**YOUR GOAL:** Please set down every entry again exactly as it stands, without the pictures.

------------------------------------------------------------

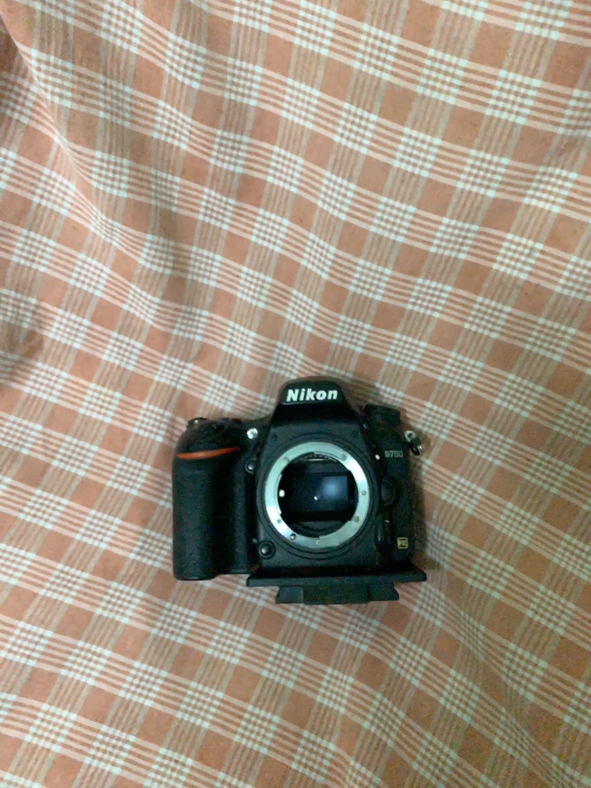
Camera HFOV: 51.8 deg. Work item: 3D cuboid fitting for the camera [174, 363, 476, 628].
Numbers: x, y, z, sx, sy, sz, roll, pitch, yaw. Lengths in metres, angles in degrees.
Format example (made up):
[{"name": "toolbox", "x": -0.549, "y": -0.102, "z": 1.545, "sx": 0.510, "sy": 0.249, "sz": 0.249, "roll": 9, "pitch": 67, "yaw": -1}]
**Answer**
[{"name": "camera", "x": 0.013, "y": 0.056, "z": 0.347, "sx": 0.145, "sy": 0.085, "sz": 0.125, "roll": -3, "pitch": 80, "yaw": 2}]
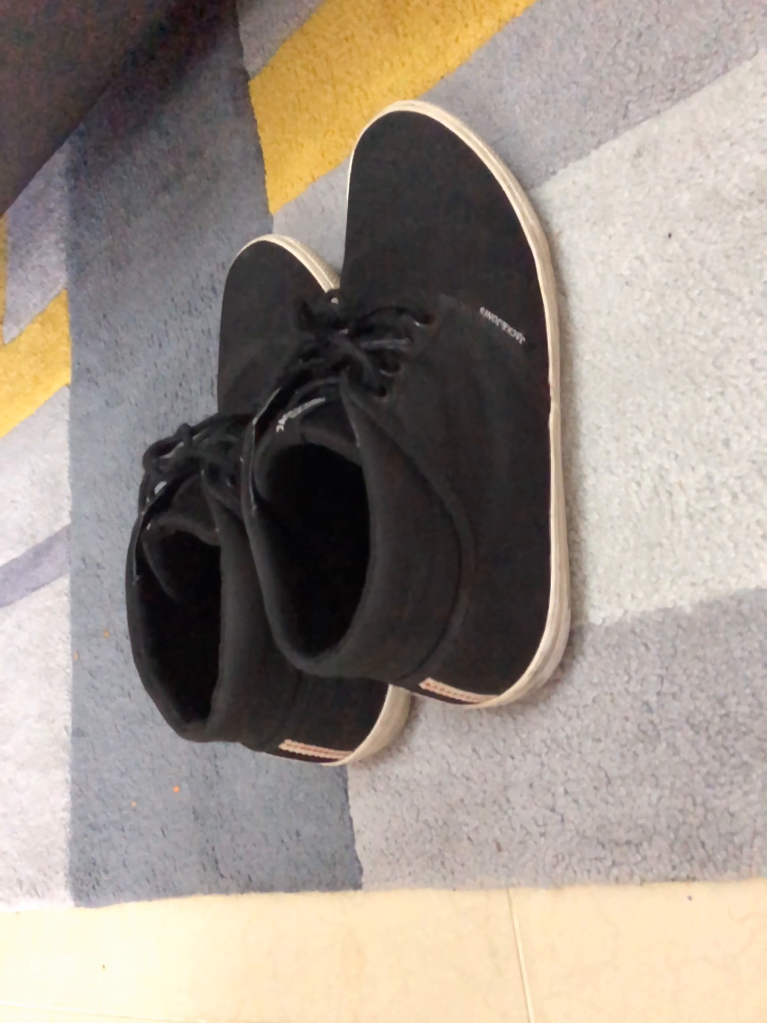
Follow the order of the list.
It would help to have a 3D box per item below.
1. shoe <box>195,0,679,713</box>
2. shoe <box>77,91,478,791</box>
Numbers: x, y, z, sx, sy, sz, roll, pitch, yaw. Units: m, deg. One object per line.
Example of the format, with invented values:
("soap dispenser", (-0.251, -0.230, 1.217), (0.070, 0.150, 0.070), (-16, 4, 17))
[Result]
("shoe", (0.012, -0.068, 0.345), (0.110, 0.129, 0.280), (-21, 66, 40))
("shoe", (-0.061, -0.028, 0.392), (0.110, 0.109, 0.281), (-28, 61, 37))
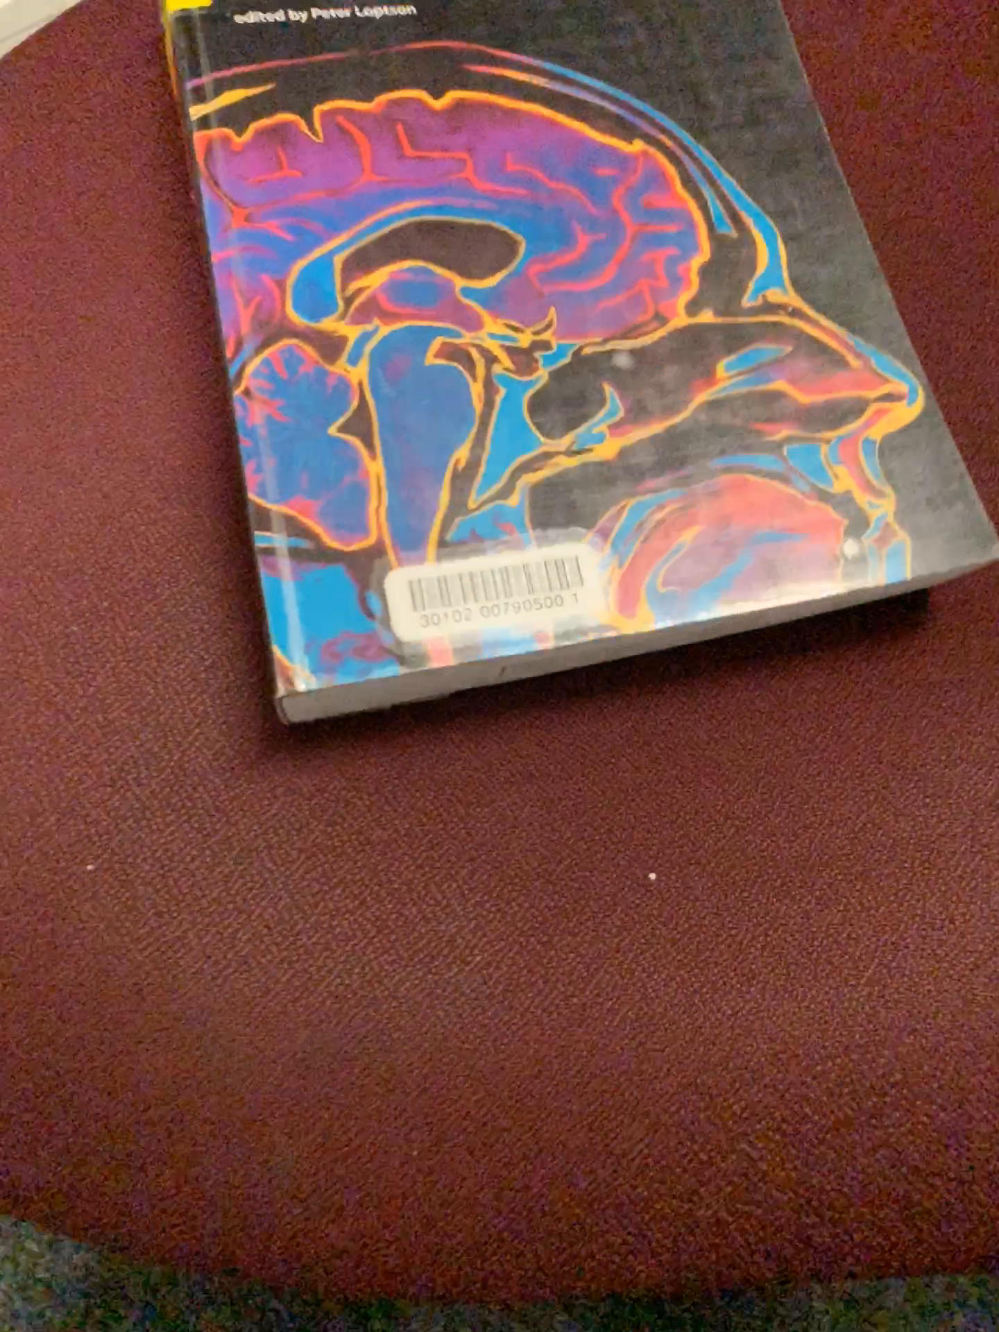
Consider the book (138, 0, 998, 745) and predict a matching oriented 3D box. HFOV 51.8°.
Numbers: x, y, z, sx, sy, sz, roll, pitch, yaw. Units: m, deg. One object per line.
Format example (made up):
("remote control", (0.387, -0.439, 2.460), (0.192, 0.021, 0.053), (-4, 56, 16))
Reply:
("book", (0.019, -0.116, 0.278), (0.200, 0.040, 0.241), (-10, 69, -7))

------------------------------------------------------------

**THE COMPLETED TASK:**
Camera HFOV: 51.8 deg. Work item: 3D cuboid fitting for the camera [174, 363, 476, 628].
Numbers: x, y, z, sx, sy, sz, roll, pitch, yaw. Lengths in metres, angles in degrees.
Format example (made up):
[{"name": "toolbox", "x": -0.549, "y": -0.102, "z": 1.545, "sx": 0.510, "sy": 0.249, "sz": 0.249, "roll": 9, "pitch": 67, "yaw": -1}]
**Answer**
[{"name": "camera", "x": 0.013, "y": 0.056, "z": 0.347, "sx": 0.145, "sy": 0.085, "sz": 0.125, "roll": -3, "pitch": 80, "yaw": 2}]
Follow the order of the list.
It would help to have a 3D box per item below.
1. shoe <box>195,0,679,713</box>
2. shoe <box>77,91,478,791</box>
Numbers: x, y, z, sx, sy, sz, roll, pitch, yaw. Units: m, deg. One object per line.
Example of the format, with invented values:
("soap dispenser", (-0.251, -0.230, 1.217), (0.070, 0.150, 0.070), (-16, 4, 17))
[Result]
("shoe", (0.012, -0.068, 0.345), (0.110, 0.129, 0.280), (-21, 66, 40))
("shoe", (-0.061, -0.028, 0.392), (0.110, 0.109, 0.281), (-28, 61, 37))
Consider the book (138, 0, 998, 745) and predict a matching oriented 3D box. HFOV 51.8°.
Numbers: x, y, z, sx, sy, sz, roll, pitch, yaw. Units: m, deg. One object per line.
Format example (made up):
("remote control", (0.387, -0.439, 2.460), (0.192, 0.021, 0.053), (-4, 56, 16))
Reply:
("book", (0.019, -0.116, 0.278), (0.200, 0.040, 0.241), (-10, 69, -7))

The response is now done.